We and others have applied several treatments for RN, such as anticoagulants, vitamin E, corticosteroids, and surgical resection [2‐4]. The typical MRI of symptomatic RN from case 3 demonstrated rapid shrinkage of the perilesional edema after surgical treatment [see Additional file 1 and Table 1]. After surgical resection for the only enhanced lesion, the perilesional edema decreased rapidly compared with preoperative MRI. This rapid shrinkage of the perilesional edema after surgical treatment was also observed in other cases. In addition, bevacizumab, an antibody for vascular endothelial growth factor (VEGF), has recently shown promising effects on symptomatic brain RN and symptomatic pseudo-progression [5, 6]. However, in some cases, treatment with bevacizumab was not sufficient to resolve RN. Some RN cases recurred as RN even after temporary remission by bevacizumab treatment [7].
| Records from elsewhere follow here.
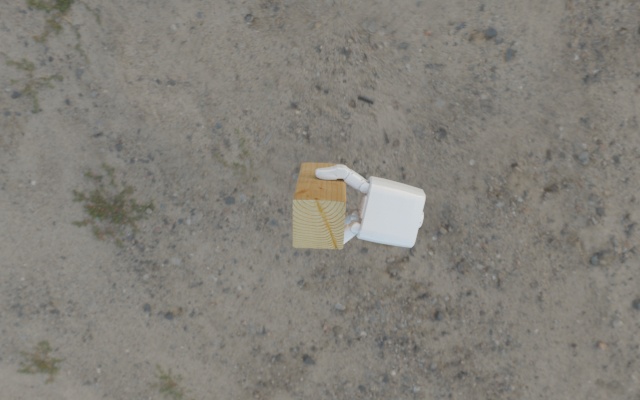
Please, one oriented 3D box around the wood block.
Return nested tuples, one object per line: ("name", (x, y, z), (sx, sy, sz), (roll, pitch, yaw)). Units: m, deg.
("wood block", (0.001, 0.003, 0.893), (0.090, 0.091, 0.206), (3, 22, 1))
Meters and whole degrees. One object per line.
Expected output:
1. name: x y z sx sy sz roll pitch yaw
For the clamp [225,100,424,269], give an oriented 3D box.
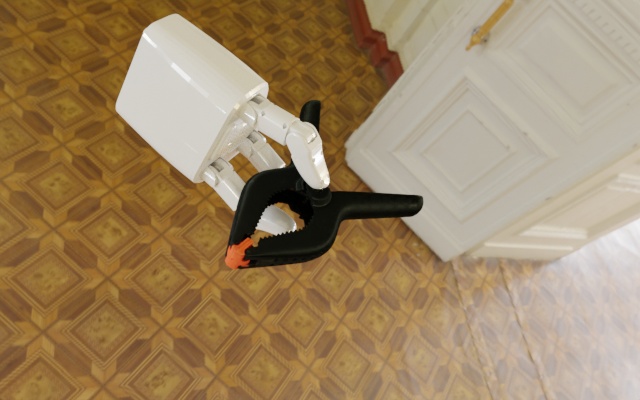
1. clamp: 0.000 0.001 0.444 0.210 0.164 0.036 -48 -5 -41
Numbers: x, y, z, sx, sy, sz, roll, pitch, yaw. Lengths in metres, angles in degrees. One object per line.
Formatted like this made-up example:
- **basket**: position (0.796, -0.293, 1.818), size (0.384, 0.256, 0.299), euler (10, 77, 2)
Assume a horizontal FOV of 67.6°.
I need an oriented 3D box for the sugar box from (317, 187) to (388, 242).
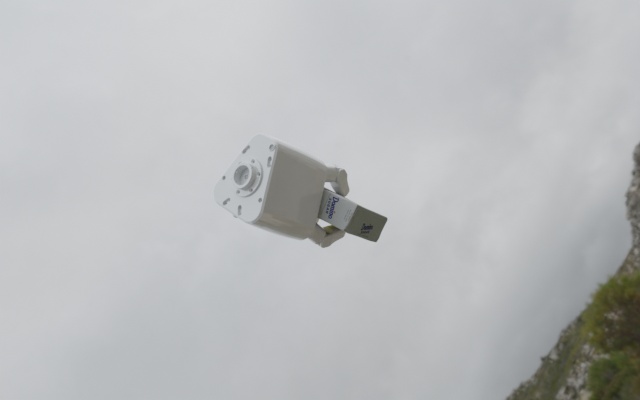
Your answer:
- **sugar box**: position (0.000, 0.003, 0.690), size (0.176, 0.048, 0.093), euler (29, 4, 36)
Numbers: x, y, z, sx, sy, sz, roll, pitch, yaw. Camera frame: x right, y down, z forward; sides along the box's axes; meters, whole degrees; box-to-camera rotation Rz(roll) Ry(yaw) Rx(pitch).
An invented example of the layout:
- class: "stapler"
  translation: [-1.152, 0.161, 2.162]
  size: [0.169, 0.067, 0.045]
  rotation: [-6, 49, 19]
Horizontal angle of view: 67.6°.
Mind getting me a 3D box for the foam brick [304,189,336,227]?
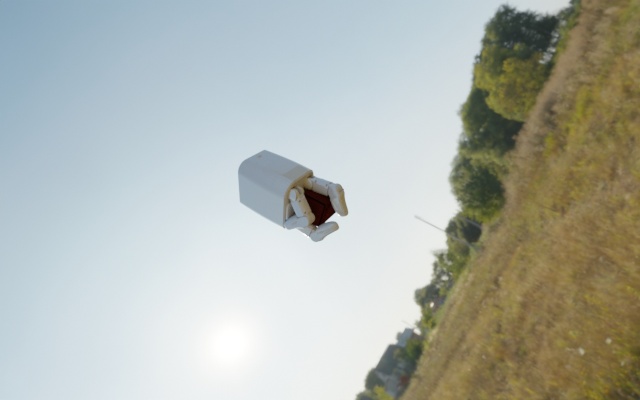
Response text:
- class: "foam brick"
  translation: [0.000, 0.003, 0.875]
  size: [0.051, 0.053, 0.078]
  rotation: [26, 33, 18]
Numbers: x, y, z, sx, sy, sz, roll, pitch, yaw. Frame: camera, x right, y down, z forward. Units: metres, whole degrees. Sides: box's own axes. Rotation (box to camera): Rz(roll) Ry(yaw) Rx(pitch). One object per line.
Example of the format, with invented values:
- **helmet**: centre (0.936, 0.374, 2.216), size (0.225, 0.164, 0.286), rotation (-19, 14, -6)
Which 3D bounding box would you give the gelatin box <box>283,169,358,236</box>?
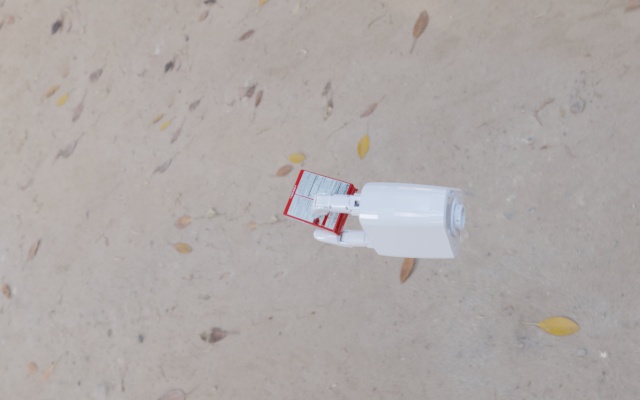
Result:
- **gelatin box**: centre (0.000, 0.002, 0.684), size (0.089, 0.073, 0.030), rotation (17, -8, 25)
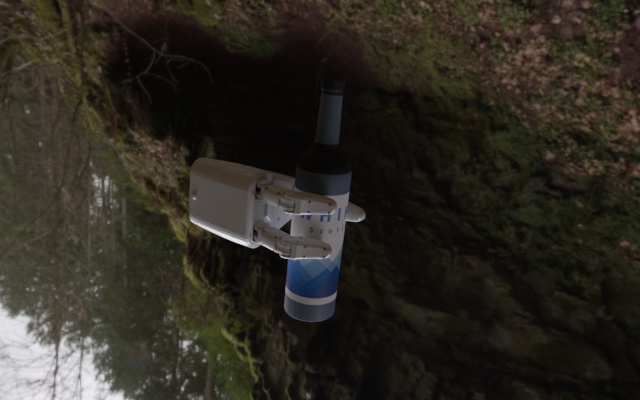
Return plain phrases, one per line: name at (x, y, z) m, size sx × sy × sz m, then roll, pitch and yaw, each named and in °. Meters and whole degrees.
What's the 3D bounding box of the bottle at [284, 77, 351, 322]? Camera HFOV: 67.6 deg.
bottle at (0.000, 0.002, 0.583) m, size 0.069 × 0.296 × 0.069 m, roll 6°, pitch 17°, yaw -2°
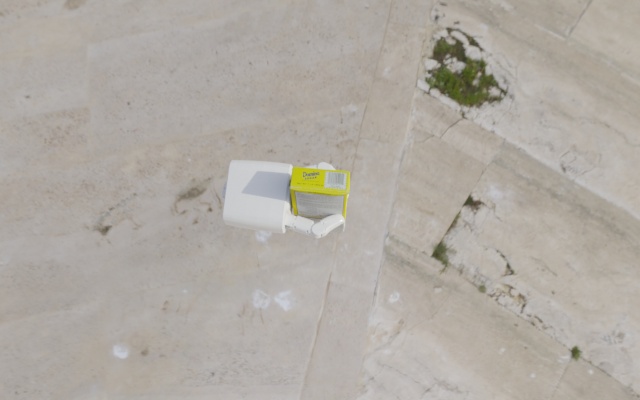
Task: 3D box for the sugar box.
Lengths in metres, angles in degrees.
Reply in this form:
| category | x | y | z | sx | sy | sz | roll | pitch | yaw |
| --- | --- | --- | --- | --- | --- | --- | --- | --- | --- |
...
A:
| category | x | y | z | sx | sy | sz | roll | pitch | yaw |
| --- | --- | --- | --- | --- | --- | --- | --- | --- | --- |
| sugar box | 0.000 | 0.002 | 0.818 | 0.093 | 0.048 | 0.176 | 6 | -21 | 2 |
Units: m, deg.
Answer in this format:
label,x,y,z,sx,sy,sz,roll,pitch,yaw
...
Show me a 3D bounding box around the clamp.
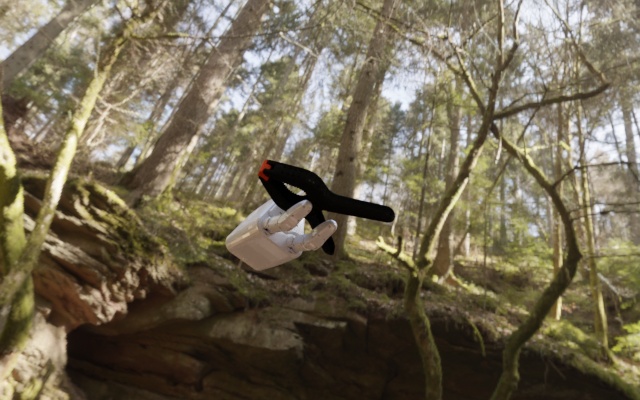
label,x,y,z,sx,sy,sz,roll,pitch,yaw
clamp,0.000,0.002,0.741,0.210,0.036,0.164,40,-46,-24
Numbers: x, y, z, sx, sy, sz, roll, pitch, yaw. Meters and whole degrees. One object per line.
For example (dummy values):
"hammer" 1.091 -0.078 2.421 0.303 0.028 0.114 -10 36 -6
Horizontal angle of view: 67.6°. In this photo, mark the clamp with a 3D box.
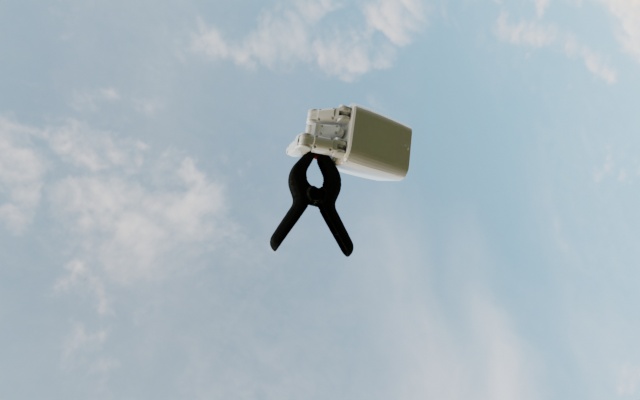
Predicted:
"clamp" 0.000 0.002 0.696 0.120 0.171 0.039 16 -15 -18
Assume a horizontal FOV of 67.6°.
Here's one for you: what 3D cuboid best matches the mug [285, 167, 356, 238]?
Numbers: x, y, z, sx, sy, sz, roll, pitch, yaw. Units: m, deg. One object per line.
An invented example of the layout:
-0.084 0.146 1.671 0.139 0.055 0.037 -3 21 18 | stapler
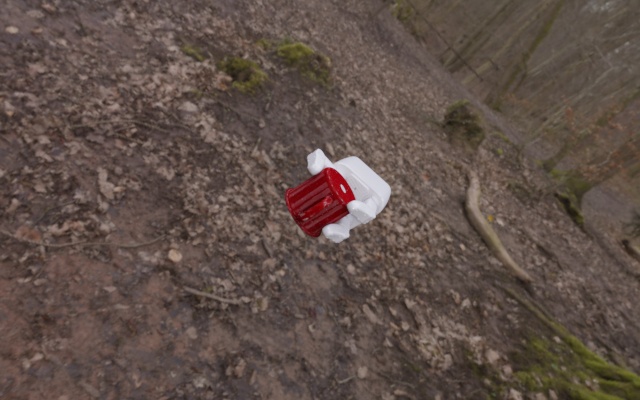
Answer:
0.000 0.003 0.750 0.081 0.093 0.117 -33 3 21 | mug
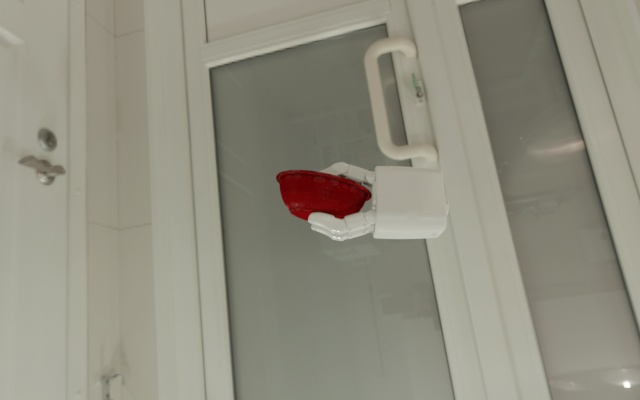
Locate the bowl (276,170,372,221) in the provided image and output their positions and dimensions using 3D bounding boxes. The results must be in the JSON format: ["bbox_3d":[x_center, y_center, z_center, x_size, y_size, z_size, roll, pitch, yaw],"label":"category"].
[{"bbox_3d":[-0.001,0.003,0.784,0.162,0.055,0.162,11,-13,3],"label":"bowl"}]
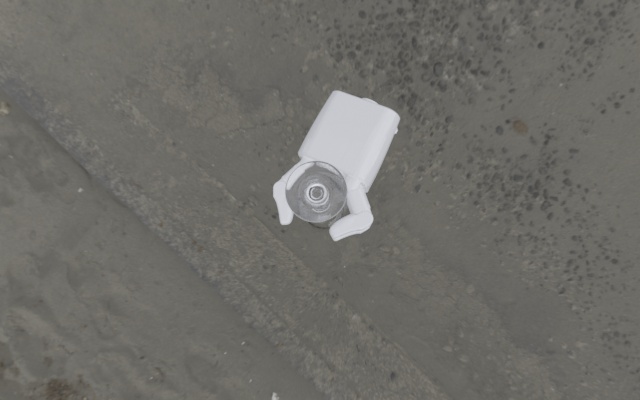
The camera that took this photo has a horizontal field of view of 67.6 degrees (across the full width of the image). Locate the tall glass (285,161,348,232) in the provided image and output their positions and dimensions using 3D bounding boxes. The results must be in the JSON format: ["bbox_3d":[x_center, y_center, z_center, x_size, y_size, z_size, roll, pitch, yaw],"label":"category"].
[{"bbox_3d":[0.000,0.002,0.664,0.079,0.079,0.201,0,-8,3],"label":"tall glass"}]
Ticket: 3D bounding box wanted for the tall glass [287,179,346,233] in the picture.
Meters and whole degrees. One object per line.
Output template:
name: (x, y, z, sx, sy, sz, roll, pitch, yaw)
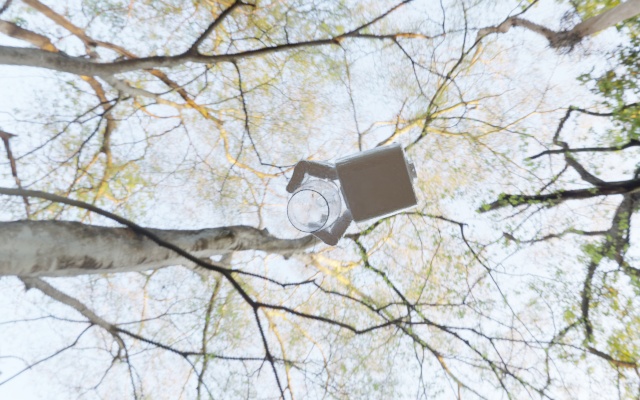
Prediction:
tall glass: (0.000, 0.003, 0.761, 0.079, 0.079, 0.201, 0, 7, 11)
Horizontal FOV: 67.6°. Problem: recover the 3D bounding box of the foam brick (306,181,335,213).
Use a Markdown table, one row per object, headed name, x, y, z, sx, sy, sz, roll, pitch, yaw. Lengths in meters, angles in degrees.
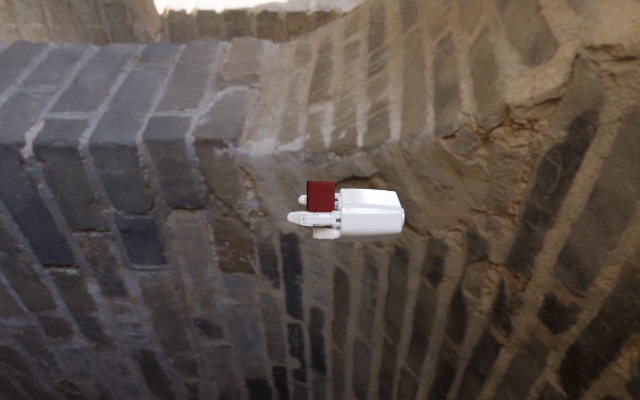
| name | x | y | z | sx | sy | sz | roll | pitch | yaw |
| --- | --- | --- | --- | --- | --- | --- | --- | --- | --- |
| foam brick | 0.000 | 0.003 | 0.867 | 0.051 | 0.078 | 0.053 | 0 | 4 | 0 |
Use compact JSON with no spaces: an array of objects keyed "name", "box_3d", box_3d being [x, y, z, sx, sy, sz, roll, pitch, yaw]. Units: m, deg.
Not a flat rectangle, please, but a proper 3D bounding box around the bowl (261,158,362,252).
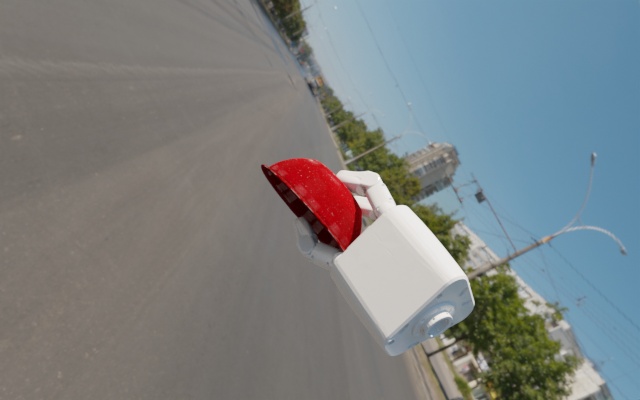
[{"name":"bowl","box_3d":[0.000,0.001,0.584,0.055,0.162,0.162,-42,8,-9]}]
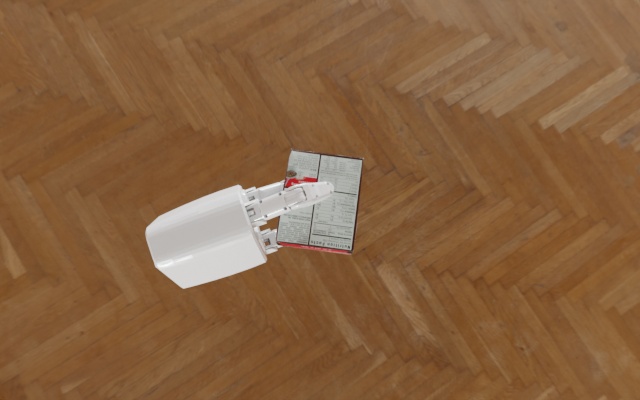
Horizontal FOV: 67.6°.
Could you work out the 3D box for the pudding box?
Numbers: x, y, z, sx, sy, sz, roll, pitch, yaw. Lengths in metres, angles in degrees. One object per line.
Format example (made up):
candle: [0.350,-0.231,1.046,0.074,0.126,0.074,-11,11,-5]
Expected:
pudding box: [0.000,0.002,0.553,0.090,0.113,0.039,8,-8,0]
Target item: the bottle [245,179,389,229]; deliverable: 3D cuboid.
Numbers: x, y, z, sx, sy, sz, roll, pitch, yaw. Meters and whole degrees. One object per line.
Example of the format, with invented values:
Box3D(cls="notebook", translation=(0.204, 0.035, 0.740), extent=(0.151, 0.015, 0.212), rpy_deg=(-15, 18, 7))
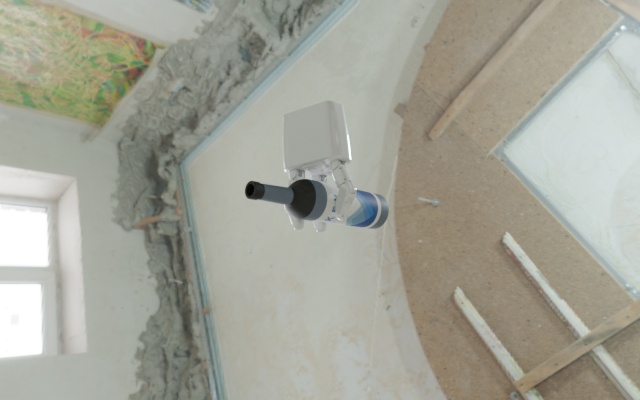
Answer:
Box3D(cls="bottle", translation=(0.000, 0.003, 0.799), extent=(0.069, 0.069, 0.296), rpy_deg=(0, -7, 45))
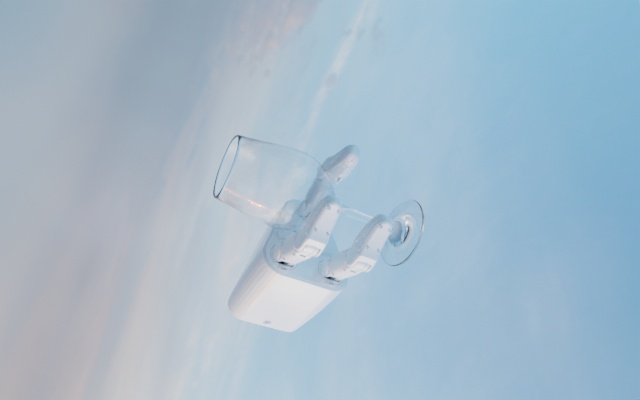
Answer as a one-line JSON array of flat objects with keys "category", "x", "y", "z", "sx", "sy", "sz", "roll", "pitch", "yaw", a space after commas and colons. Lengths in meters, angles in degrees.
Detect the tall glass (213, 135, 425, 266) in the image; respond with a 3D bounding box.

Recent experiments have shown that demyelination and damage of the normal vasculatures and the appearance of abnormal vasculatures around necrotic foci are major issues in the development of RN [8, 9]. In addition, we previously reported that hypoxia-inducible factor 1α (HIF-1α) and VEGF are key molecules in RN [1]. In a later study, we tried to determine whether not only HIF-1α and VEGF, but also proinflammatory cytokines such as IL-1α, IL-6, TNF-α, and NFκB, might play significant roles in RN, since these cytokines were produced by CD68- and hGLUT5-positive microglia and/or macrophages accumulated in PN (in submission).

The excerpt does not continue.